** Information provided follows **
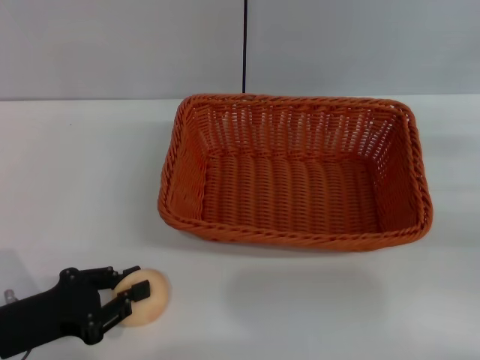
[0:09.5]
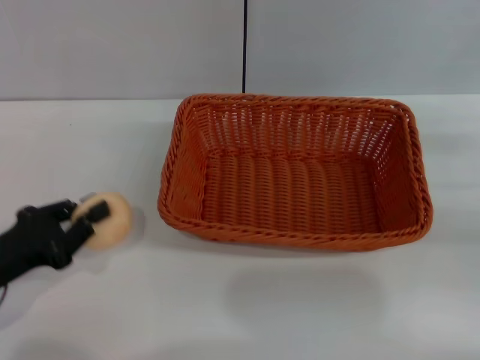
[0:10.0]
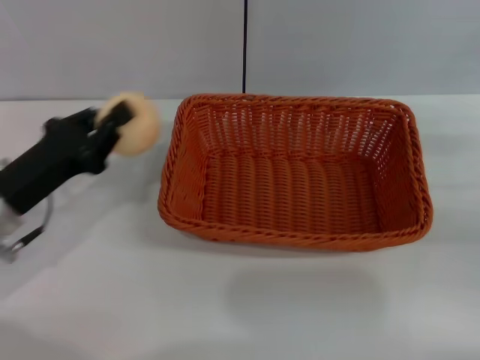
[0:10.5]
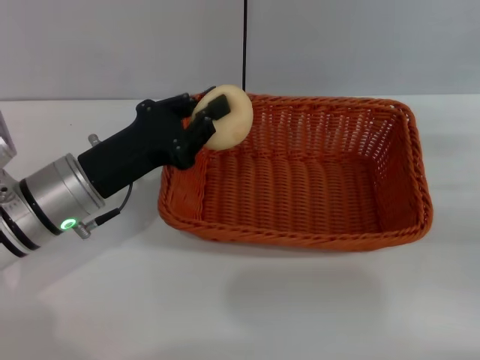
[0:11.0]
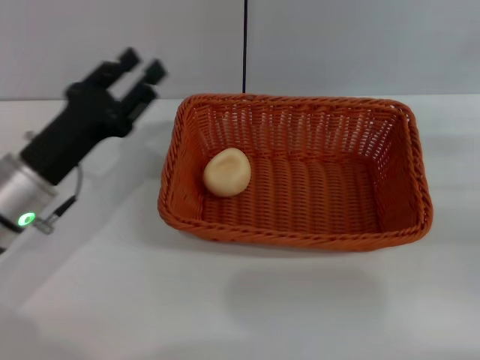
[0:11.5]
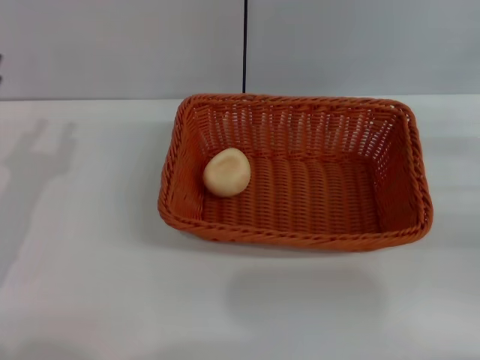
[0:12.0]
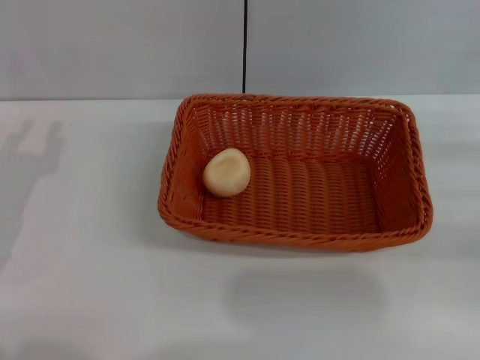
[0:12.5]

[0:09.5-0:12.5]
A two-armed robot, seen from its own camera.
Step, 0:10.0 to 0:11.0: Place the egg yolk pastry into the basket with the left gripper.
0:09.5 to 0:11.0: The left gripper heads forward, to the right and upward, covering some 15 cm.
0:11.0 to 0:12.5: The left gripper moves to the left, about 10 cm, and opens its fingers.
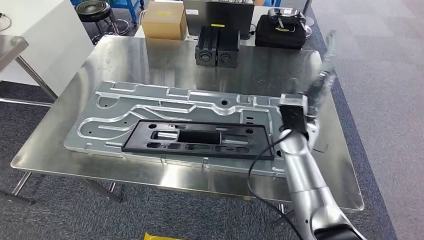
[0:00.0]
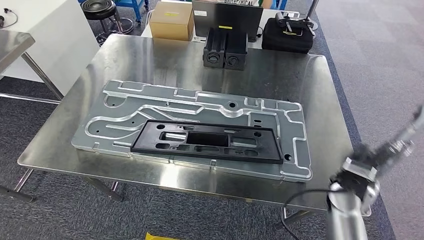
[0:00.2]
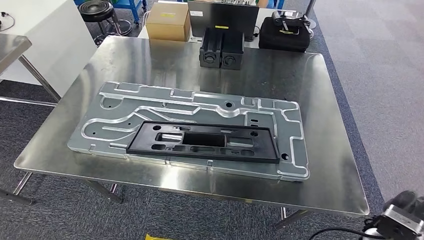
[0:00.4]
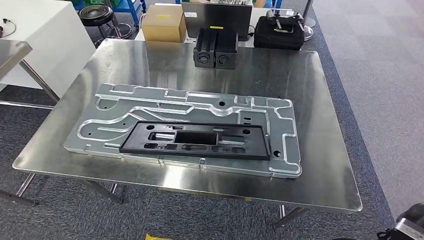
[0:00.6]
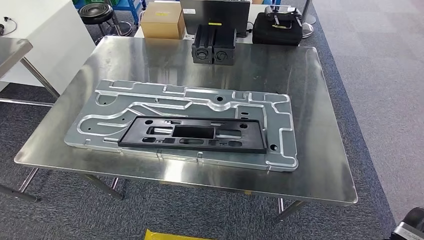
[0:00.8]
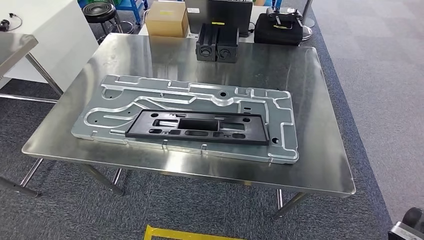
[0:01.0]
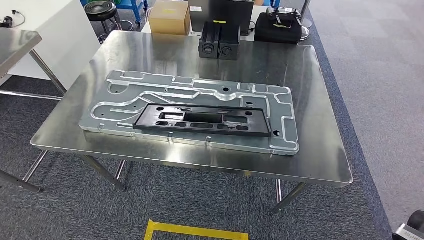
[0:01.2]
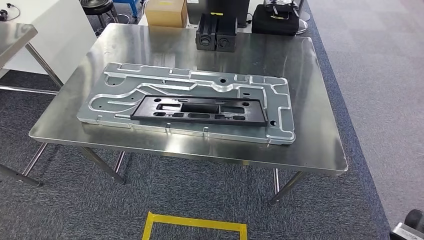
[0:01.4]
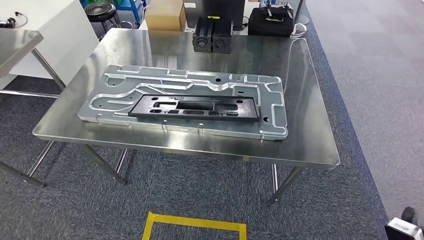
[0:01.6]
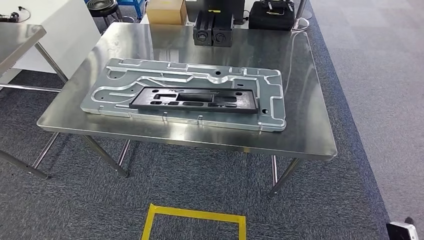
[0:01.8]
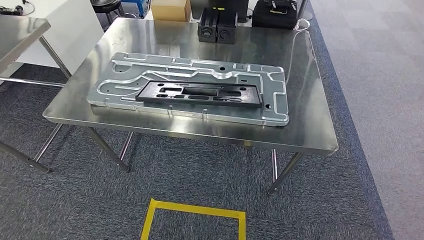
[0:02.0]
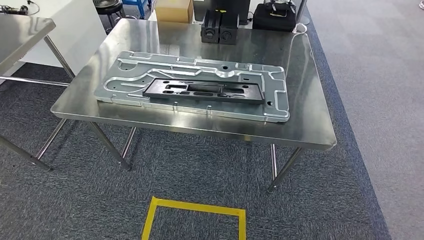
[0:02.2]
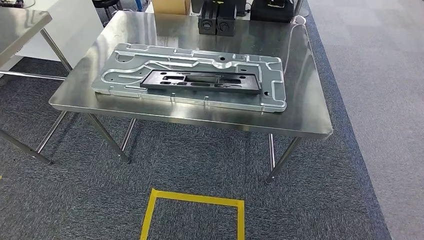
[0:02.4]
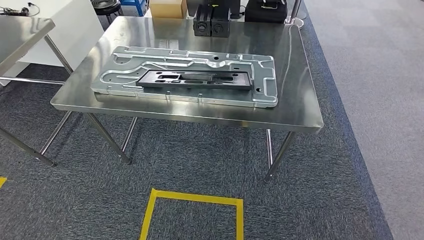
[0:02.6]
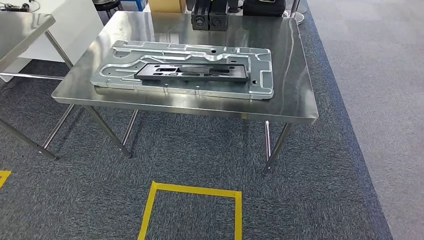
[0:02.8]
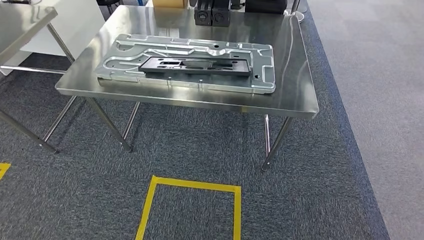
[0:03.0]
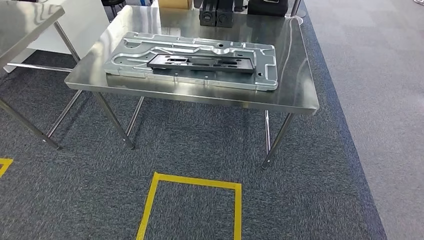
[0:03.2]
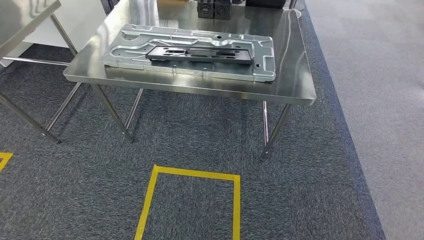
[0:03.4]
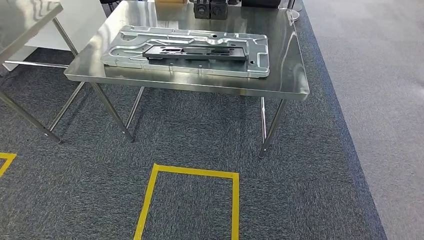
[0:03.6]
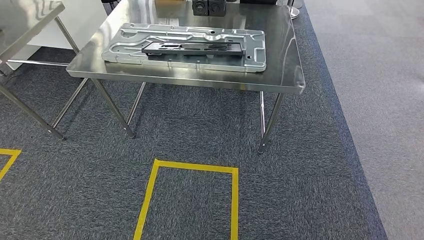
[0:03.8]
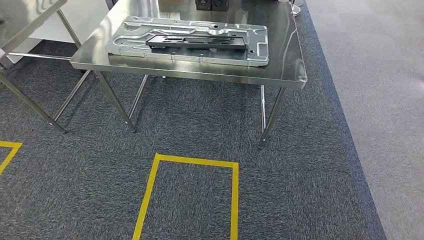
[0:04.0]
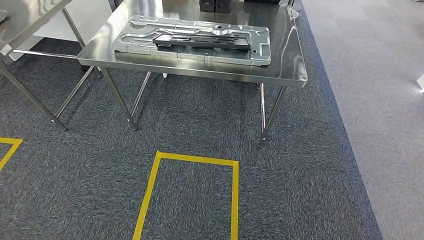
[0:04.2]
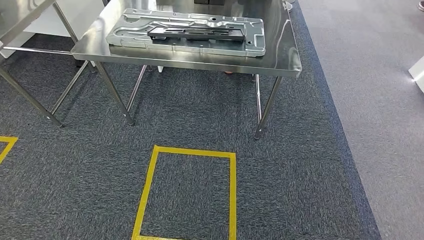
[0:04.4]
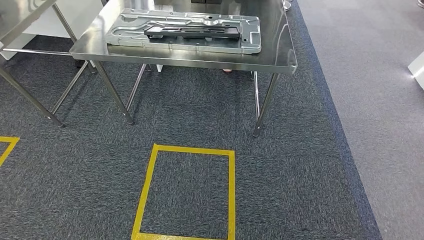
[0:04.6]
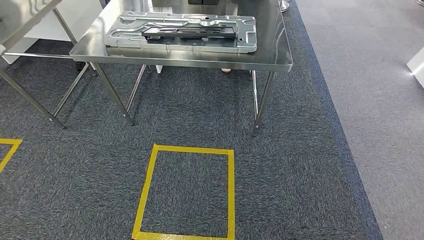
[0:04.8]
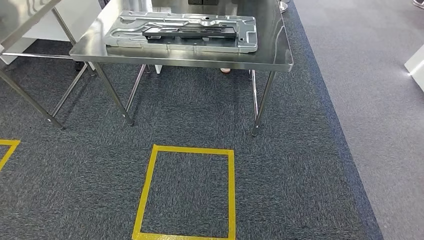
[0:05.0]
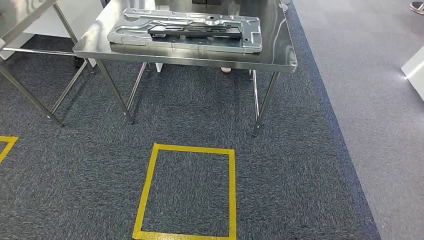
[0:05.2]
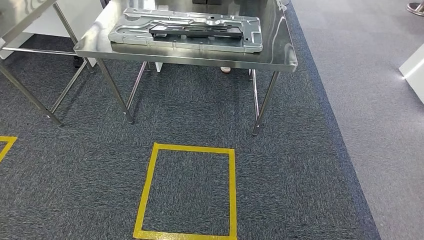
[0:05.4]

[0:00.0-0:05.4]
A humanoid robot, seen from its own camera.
** End of Information provided **
Exercise objective: Leaving the pictures aside, transcribe the entire listing exactly.

Output for this exercise:
[0:09.5]
[0:10.0]
[0:10.5]
[0:11.0]
[0:11.5]
[0:12.0]
[0:12.5]

[0:09.5-0:12.5]
A two-armed robot, seen from its own camera.
Step, 0:10.0 to 0:11.0: Place the egg yolk pastry into the basket with the left gripper.
0:09.5 to 0:11.0: The left gripper heads forward, to the right and upward, covering some 15 cm.
0:11.0 to 0:12.5: The left gripper moves to the left, about 10 cm, and opens its fingers.
[0:00.0]
[0:00.2]
[0:00.4]
[0:00.6]
[0:00.8]
[0:01.0]
[0:01.2]
[0:01.4]
[0:01.6]
[0:01.8]
[0:02.0]
[0:02.2]
[0:02.4]
[0:02.6]
[0:02.8]
[0:03.0]
[0:03.2]
[0:03.4]
[0:03.6]
[0:03.8]
[0:04.0]
[0:04.2]
[0:04.4]
[0:04.6]
[0:04.8]
[0:05.0]
[0:05.2]
[0:05.4]

[0:00.0-0:05.4]
A humanoid robot, seen from its own camera.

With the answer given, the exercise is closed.